Introduction to World Wide Web Servers

This essay, presented to MUGLNC, March 31, 1995 briefly discusses the following items: 1) some background about the World Wide Web (WWW), 2) three qualities of well constructed information systems, and 3) possible uses of WWW servers for libraries. (This essay is also available as a one-page handout in the form of a PDF document.)

WWW is synonymous with HTTP

The World Wide Web (WWW) is a popular term used to denote the hypertext transfer protocol (HTTP). Based on the concept of "hypertext" put forth by Vannevar Bush in 1945 and coined by Ted Nelson, the purpose of HTTP is to share and distribute information. Other applications have tried to implement the concept of hypertext (like HyperCard of Apple Computer), but HTTP seems to be the best implementation to date.

HTTP is older than gopher

While the popularity of HTTP servers is relatively recent, it is interesting to note that it is older than the gopher protocol. It has its beginnings in 1990 with Tim Berners-Lee, then of the CERN particle physics laboratory in Switzerland. Gopher was developed at the University of Minnesota in 1991.
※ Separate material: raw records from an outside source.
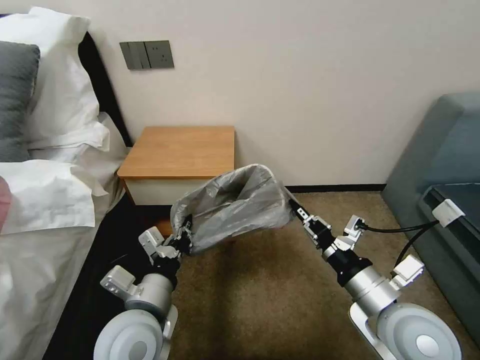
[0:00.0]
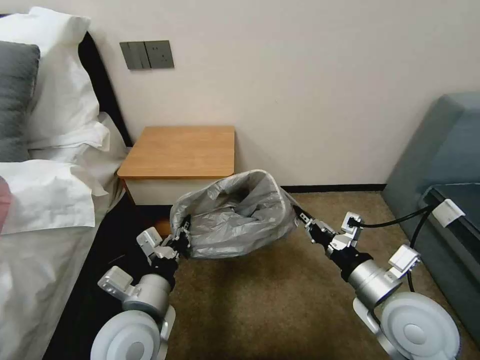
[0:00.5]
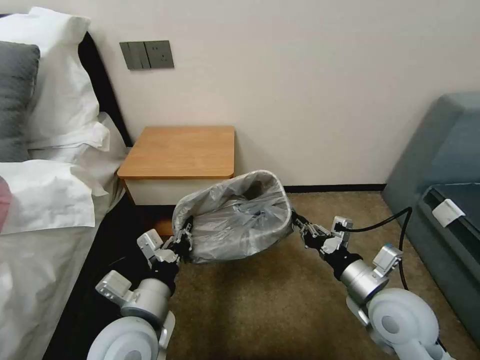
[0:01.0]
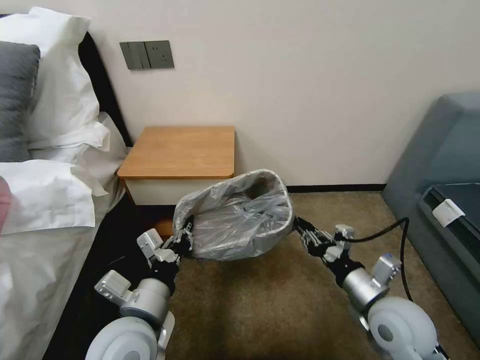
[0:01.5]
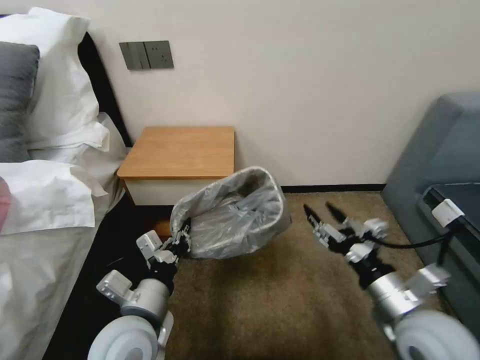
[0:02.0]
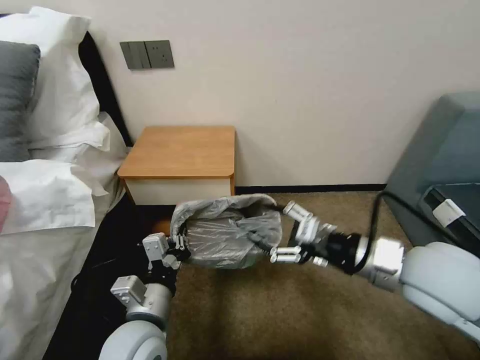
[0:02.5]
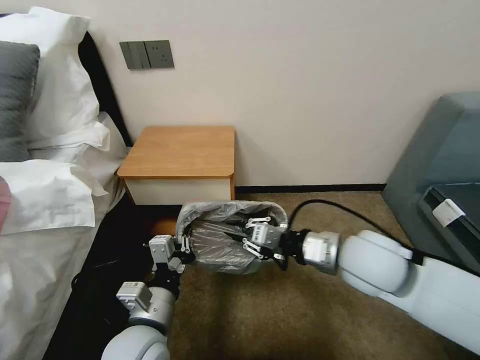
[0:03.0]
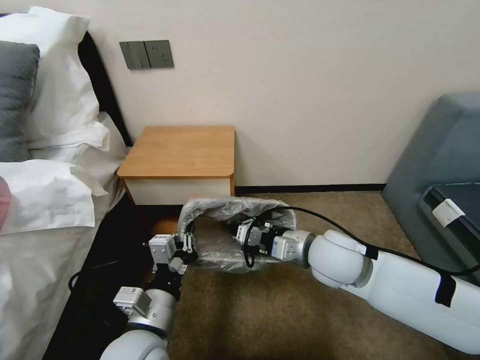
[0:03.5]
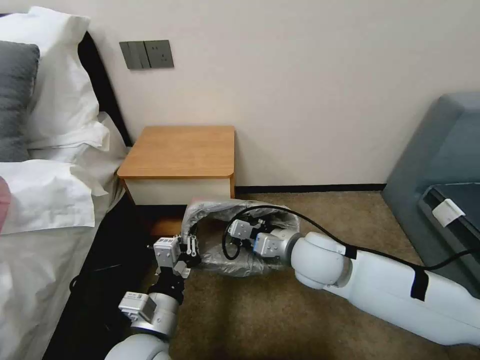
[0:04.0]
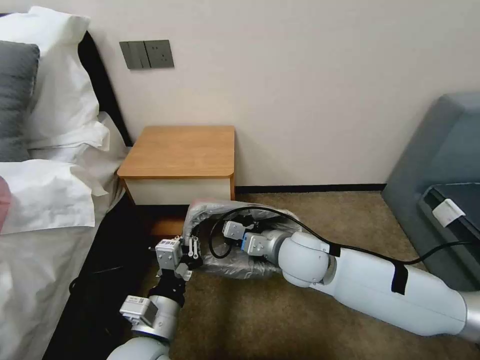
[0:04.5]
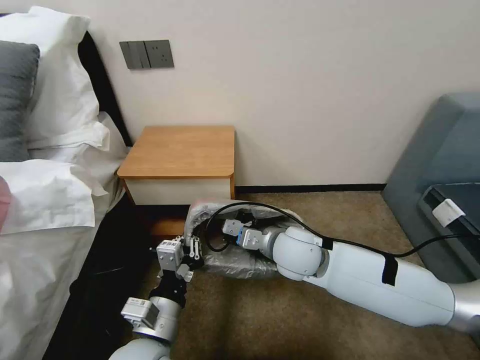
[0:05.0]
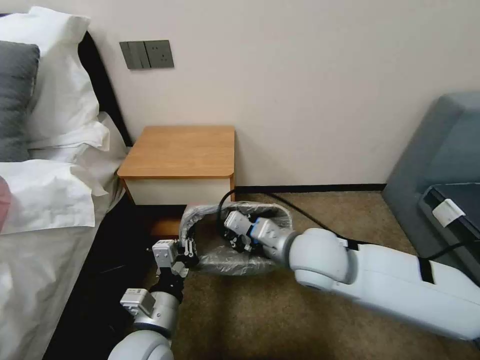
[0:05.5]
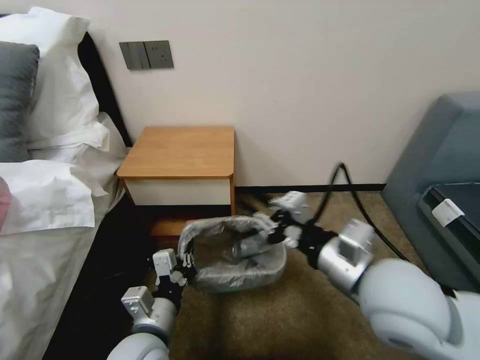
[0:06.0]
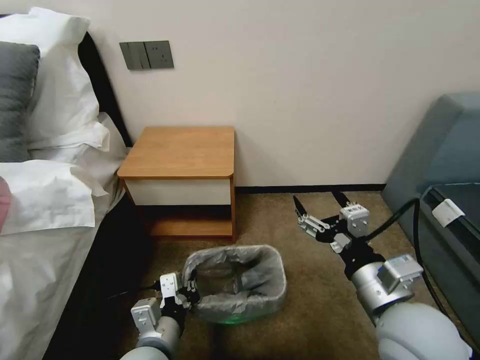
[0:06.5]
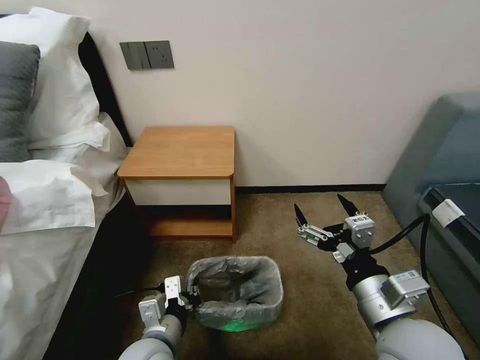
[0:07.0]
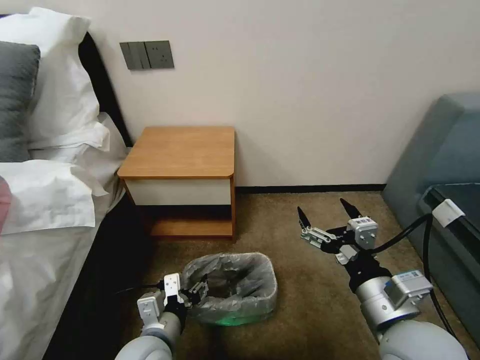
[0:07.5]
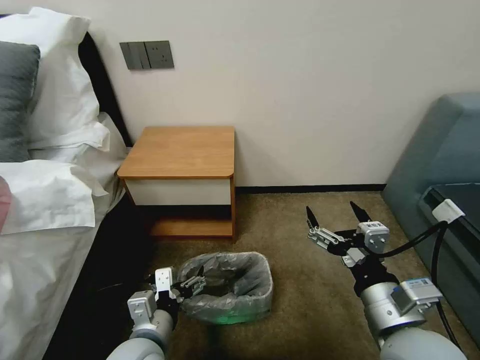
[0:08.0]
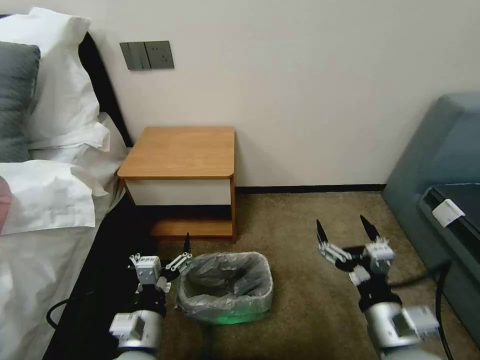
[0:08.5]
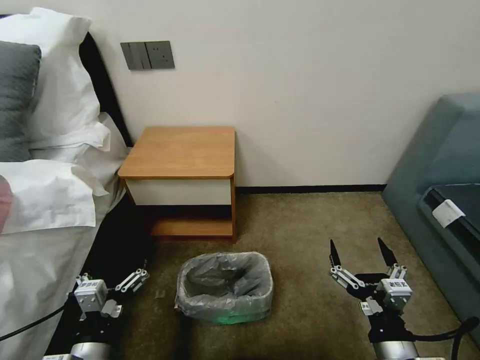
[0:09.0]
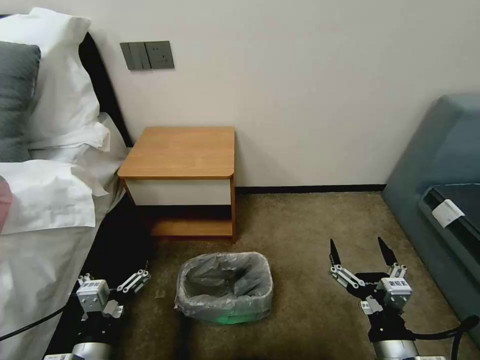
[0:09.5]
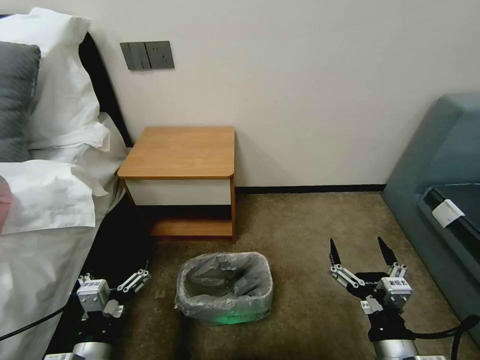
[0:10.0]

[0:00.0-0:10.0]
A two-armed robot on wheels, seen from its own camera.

The first HTTP server application was developed on a NeXT computer. While more than functional, these computers were not very popular and consequently, not very many people owned the necessary hardware to make HTTP services available.

Similarly, the client applications ran on NeXT computers or was implemented using vt100 emulation. Again, few people owned the necessary hardware to use the client applications and/or the vt100-based client application was so ugly that no one wanted to use it.

On the other hand, the gopher protocol had been adapted to a "host" of hardware platforms. Additionally, graphical user-interface gopher client applications were developed for a wide range of computers. Consequently, the gopher protocol, at least initially, was more popular than HTTP.

It wasn't until 1994 when Marc Andreessen and Rob McCool then of the National Center for Supercomputing Applications (NCSA) developed HTTP client and server applications (Mosaic and httpd, respectively) for more general "flavors" of Unix that HTTP really became popular.

HTTP is more efficient than gopher

Besides the ability to distribute formatted text in the form of hypertext markup language (HTML) documents, gopher servers and HTTP server are very similar. They are both based on the client/server model of computing. But in terms of computing resources, HTTP is much more efficient than gopher. The main reason behind this is because HTTP distributes much of the computing load to the client applications, whereas gopher server applications do all of the work for gopher clients.

For example, both gopher and HTTP servers allow end-users to retrieved files from file transfer protocol (FTP) servers. Using the gopher protocol, client applications make requests for files. The server then FTPs the files and delivers them to the client. Doing searches of Wide Area Information Servers (WAIS) work in the same manner. The client makes the request and the server does the work.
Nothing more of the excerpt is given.